New: the Voice AI Investors list release! Check it out

    Machine Learning Scientist

    Rime

    Engineering
    Full-time
    Remote
    United States | Remote

    Posted on 5/25/2026

    Job Description

    Machine Learning Scientist

    Rime builds voice AI for enterprises running customer experiences at scale. Our text-to-speech models are purpose-built for high-volume conversational deployments, engineered for the pronunciation accuracy, latency, and deployment flexibility that production environments actually demand.

    We started from a different premise than the rest of the field: voice AI isn't bottlenecked by model architecture. It's bottlenecked by data. So before we trained a single model, we built our own corpus: full-duplex, studio-quality conversational speech, recorded and annotated by PhD linguists. That's our moat. It's also why enterprises pick Rime when pilots need to convert into production.

    We're backed by top-tier investors including Unusual Ventures, and we've built a team at the intersection of product, research, and craft. Building voice models is an art. We intend to master it.

    Role Overview

    We're hiring a Machine Learning Scientist to push the frontier of speech synthesis and speech understanding at Rime.

    What You'll Own

    • Design, train, and evaluate speech synthesis models, autoregressive and non-autoregressive.

    • Drive research on full-duplex and half-duplex multi-modal architectures, including unified S2S systems.

    • Choose and iterate on speech representations: neural codecs, semantic tokens, mel features, continuous latents.

    • Build rigorous evaluation, objective and perceptual. Hold the bar on quality and prosodic control.

    • Collaborate with our linguists on TTS frontend behavior so modeling and frontend choices reinforce each other.

    What We're Looking For

    • Deep familiarity with the speech synthesis literature, contemporary and historical — Tacotron, FastSpeech, VITS, VALL-E, the codec-LM lineage. Opinions on what worked and why.

    • Hands-on training with neural codecs (EnCodec, DAC, Mimi, etc.) and multiple representation choices.

    • Experience with full- or half-duplex multi-modal modeling (Moshi, LLaMA-Omni, streaming S2S).

    • Strong attention to detail on data quality. You notice when an annotation pipeline is silently degrading or when an eval set has leakage.

    • Willing to roll up your sleeves on unglamorous data and training work — paired with the agency to build pipelines so the team isn't stuck doing it by hand.

    • Working knowledge of TTS frontend (G2P, normalization, prosody) and experience working with linguists.

    • Strong PyTorch fundamentals. Comfortable with training loops, distributed training, model internals.

    • PhD or equivalent research experience in speech, audio, ML, or computational linguistics or a track record that makes the credential irrelevant.

    Nice to have

    • Multilingual TTS experience.

    • Background in prosody or paralinguistics.

    • Published work in speech, audio, or core ML venues.

    • Experience taking research models to production: quantization, distillation, streaming inference.

    Why Join Rime

    • Category-defining voice AI infrastructure, not incremental research deltas.

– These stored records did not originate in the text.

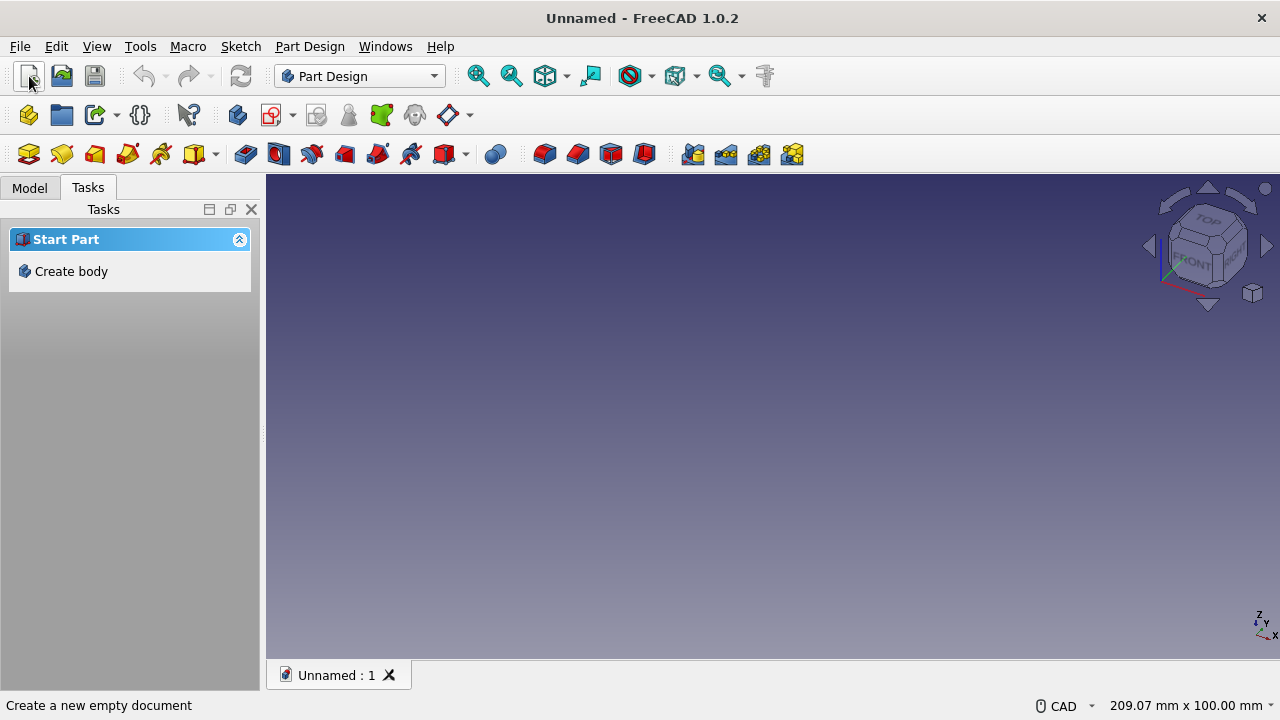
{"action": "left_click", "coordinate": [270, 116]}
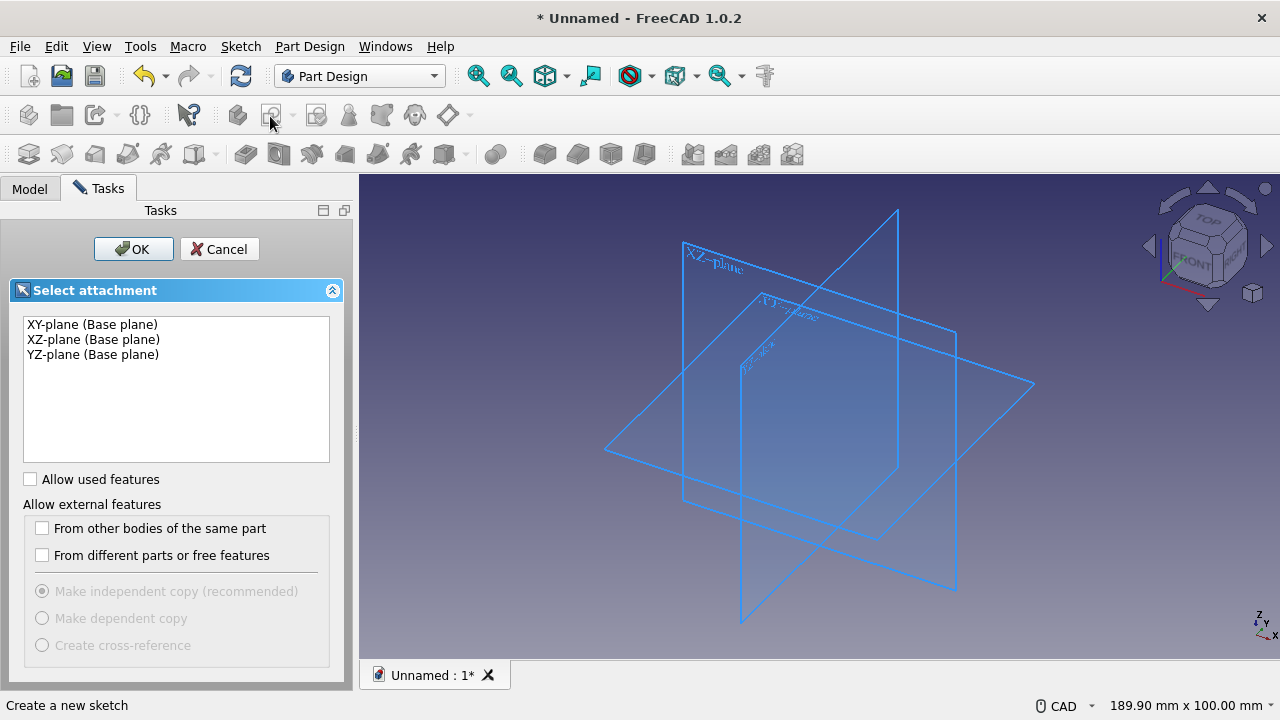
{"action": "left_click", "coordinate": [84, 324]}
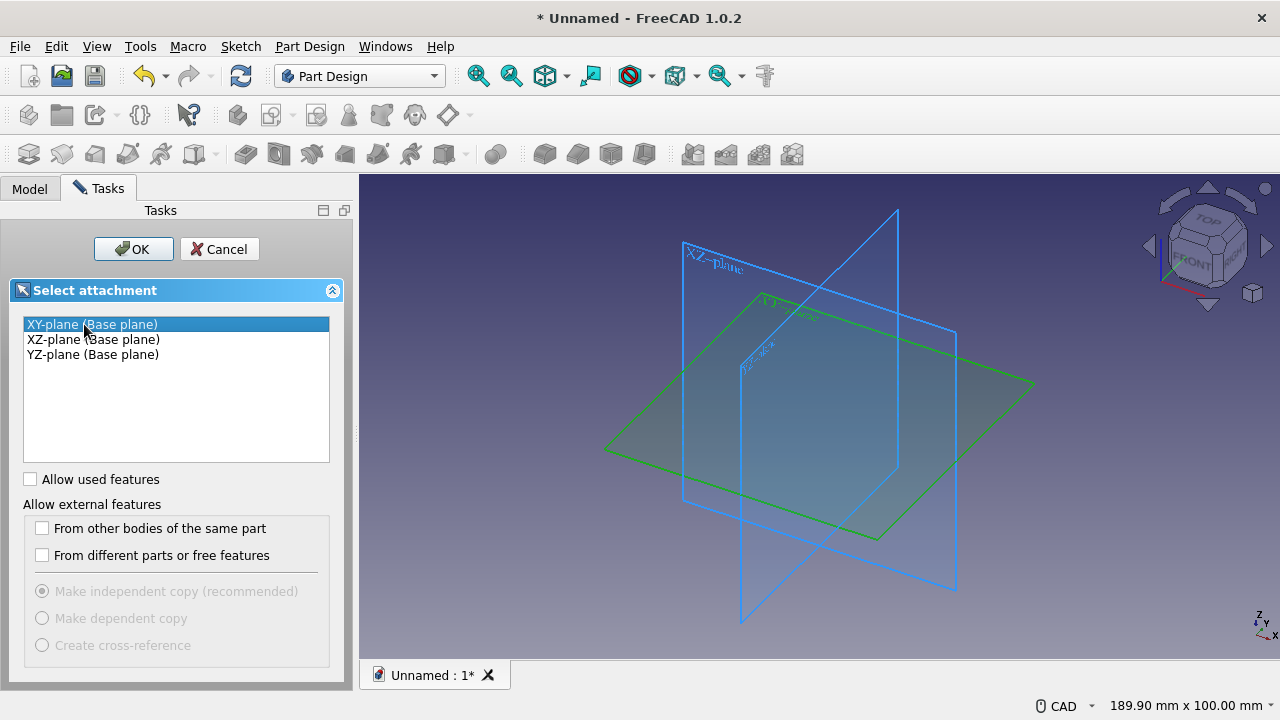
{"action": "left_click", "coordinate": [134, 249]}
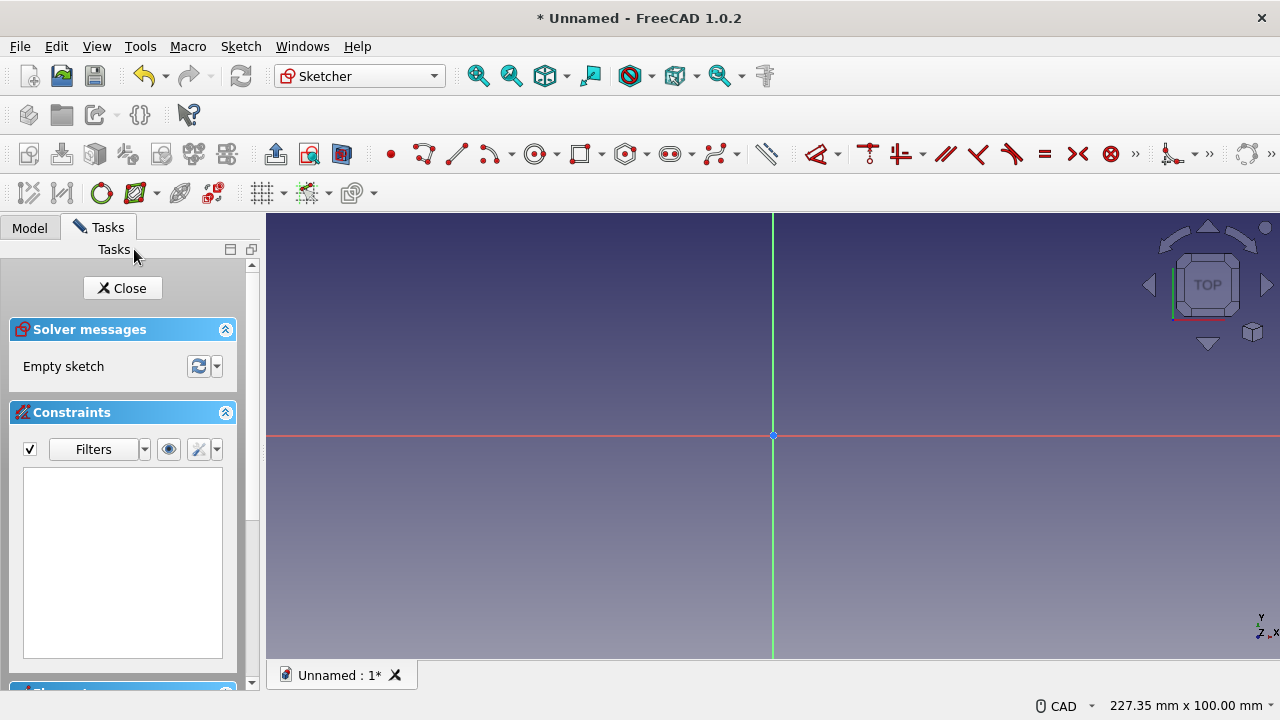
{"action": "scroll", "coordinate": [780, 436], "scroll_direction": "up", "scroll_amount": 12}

    • Direct collaboration with founders, including a CEO with a Stanford computational linguistics PhD.

    • Real impact on company trajectory.

    • Meaningful equity upside.

    • High ownership, high standards, low bureaucracy.

    What We Offer

    • Competitive base + meaningful early-stage equity

    • Remote-friendly

    • Visa sponsorship available

    • Access to a proprietary, full-duplex, studio-quality conversational speech corpus

    • Compute and tooling to do the work

    • Direct influence on the future of voice AI

    At Rime, we...

    • Are outliers

    • Cut through the hype to focus on the craft

    • Move fast with agency and freedom

    • Maintain a growth mindset, finding joy in the struggle

    • Do the right things, knowing that it'll lead to making money


    If that sounds like you too, you'll be a great fit for Rime!